Exercise prompt
Go through the lines below one by one and count those holding the string "Lengths". Give the count alone.

[Stored records]
....................
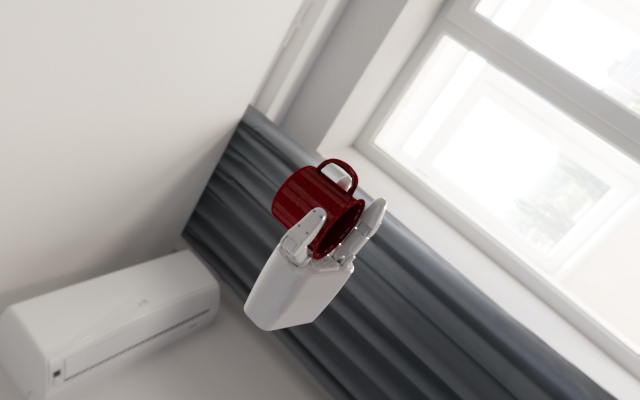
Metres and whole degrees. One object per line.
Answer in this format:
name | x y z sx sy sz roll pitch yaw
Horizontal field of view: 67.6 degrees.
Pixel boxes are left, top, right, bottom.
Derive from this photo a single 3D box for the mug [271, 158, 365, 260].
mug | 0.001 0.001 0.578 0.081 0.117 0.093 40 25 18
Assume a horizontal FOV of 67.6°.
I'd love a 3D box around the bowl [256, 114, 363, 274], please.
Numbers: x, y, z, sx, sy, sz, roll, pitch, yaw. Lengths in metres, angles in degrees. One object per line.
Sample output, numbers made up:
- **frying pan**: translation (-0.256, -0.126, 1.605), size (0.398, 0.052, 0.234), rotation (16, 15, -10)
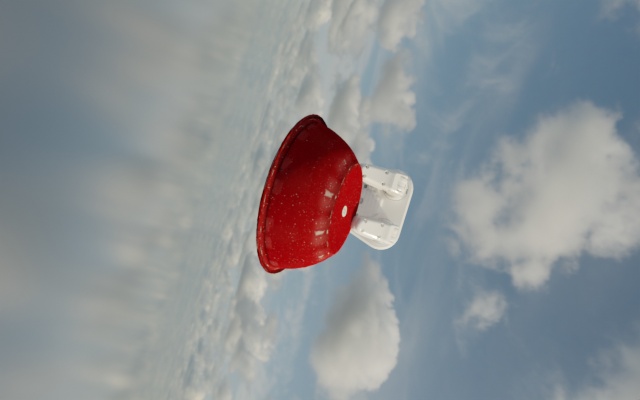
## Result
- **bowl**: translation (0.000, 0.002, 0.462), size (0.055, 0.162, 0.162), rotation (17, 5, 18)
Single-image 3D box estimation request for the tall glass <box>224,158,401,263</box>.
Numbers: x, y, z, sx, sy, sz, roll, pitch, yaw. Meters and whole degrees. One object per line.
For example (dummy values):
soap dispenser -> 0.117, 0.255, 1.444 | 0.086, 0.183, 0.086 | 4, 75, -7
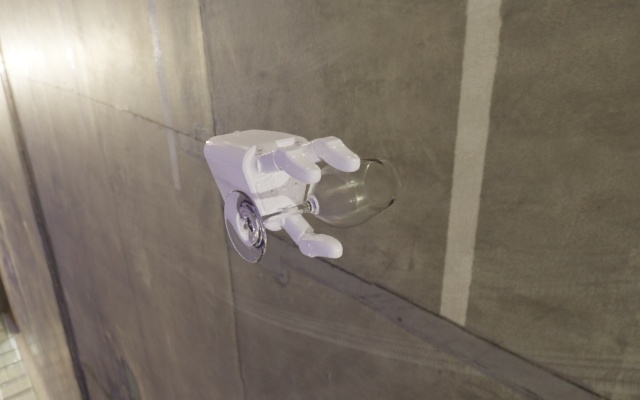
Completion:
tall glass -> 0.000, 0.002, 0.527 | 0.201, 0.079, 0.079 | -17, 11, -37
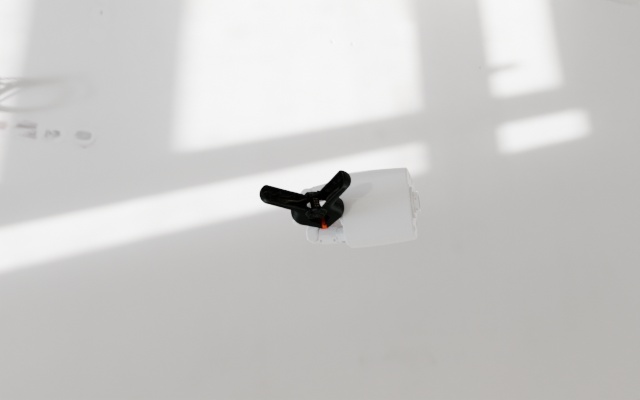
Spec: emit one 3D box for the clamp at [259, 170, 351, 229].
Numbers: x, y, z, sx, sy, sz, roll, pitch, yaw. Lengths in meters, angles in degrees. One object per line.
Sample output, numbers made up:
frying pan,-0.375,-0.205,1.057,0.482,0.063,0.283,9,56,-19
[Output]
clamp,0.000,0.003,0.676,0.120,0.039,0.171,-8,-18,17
....................
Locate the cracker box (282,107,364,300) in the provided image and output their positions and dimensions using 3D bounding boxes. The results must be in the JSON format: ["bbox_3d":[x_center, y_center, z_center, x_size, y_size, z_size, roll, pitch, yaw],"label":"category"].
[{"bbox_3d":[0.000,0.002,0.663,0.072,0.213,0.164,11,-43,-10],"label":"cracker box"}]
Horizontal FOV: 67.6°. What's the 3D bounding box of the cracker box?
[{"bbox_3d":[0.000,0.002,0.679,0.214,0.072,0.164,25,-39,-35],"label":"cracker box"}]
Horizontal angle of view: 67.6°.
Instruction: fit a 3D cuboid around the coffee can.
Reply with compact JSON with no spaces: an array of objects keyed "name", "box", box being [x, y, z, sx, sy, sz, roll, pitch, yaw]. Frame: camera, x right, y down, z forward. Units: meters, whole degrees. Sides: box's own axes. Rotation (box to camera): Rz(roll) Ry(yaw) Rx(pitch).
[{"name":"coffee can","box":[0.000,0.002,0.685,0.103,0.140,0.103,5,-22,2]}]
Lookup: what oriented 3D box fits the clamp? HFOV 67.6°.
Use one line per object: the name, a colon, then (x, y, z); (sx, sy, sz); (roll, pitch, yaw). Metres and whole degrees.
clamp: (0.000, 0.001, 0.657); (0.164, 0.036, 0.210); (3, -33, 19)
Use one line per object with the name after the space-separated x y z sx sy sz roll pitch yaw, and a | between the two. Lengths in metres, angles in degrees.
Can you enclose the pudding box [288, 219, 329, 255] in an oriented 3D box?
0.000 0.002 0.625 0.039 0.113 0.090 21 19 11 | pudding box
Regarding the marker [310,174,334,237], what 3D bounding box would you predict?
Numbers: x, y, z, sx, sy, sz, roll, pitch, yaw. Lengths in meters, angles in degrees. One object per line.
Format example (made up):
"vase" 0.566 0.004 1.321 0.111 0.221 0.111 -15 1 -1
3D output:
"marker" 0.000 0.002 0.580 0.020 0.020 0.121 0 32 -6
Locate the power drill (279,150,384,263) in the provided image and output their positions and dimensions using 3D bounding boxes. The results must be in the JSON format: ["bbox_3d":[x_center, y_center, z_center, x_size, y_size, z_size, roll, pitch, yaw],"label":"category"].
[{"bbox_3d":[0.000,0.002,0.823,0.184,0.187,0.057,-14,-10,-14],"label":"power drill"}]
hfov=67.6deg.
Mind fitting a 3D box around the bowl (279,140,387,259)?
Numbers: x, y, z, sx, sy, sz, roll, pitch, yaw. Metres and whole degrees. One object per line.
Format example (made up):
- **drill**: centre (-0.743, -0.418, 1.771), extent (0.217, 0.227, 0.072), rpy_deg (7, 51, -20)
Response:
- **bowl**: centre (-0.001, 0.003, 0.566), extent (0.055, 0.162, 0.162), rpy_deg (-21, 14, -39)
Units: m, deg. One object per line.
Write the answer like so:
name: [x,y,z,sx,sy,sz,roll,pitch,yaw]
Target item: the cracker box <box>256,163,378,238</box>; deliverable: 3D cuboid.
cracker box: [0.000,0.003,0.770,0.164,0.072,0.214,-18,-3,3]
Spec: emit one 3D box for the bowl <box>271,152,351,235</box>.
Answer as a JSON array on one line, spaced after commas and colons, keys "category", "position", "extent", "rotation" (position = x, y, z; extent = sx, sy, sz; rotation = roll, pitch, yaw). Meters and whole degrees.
....................
Answer section
4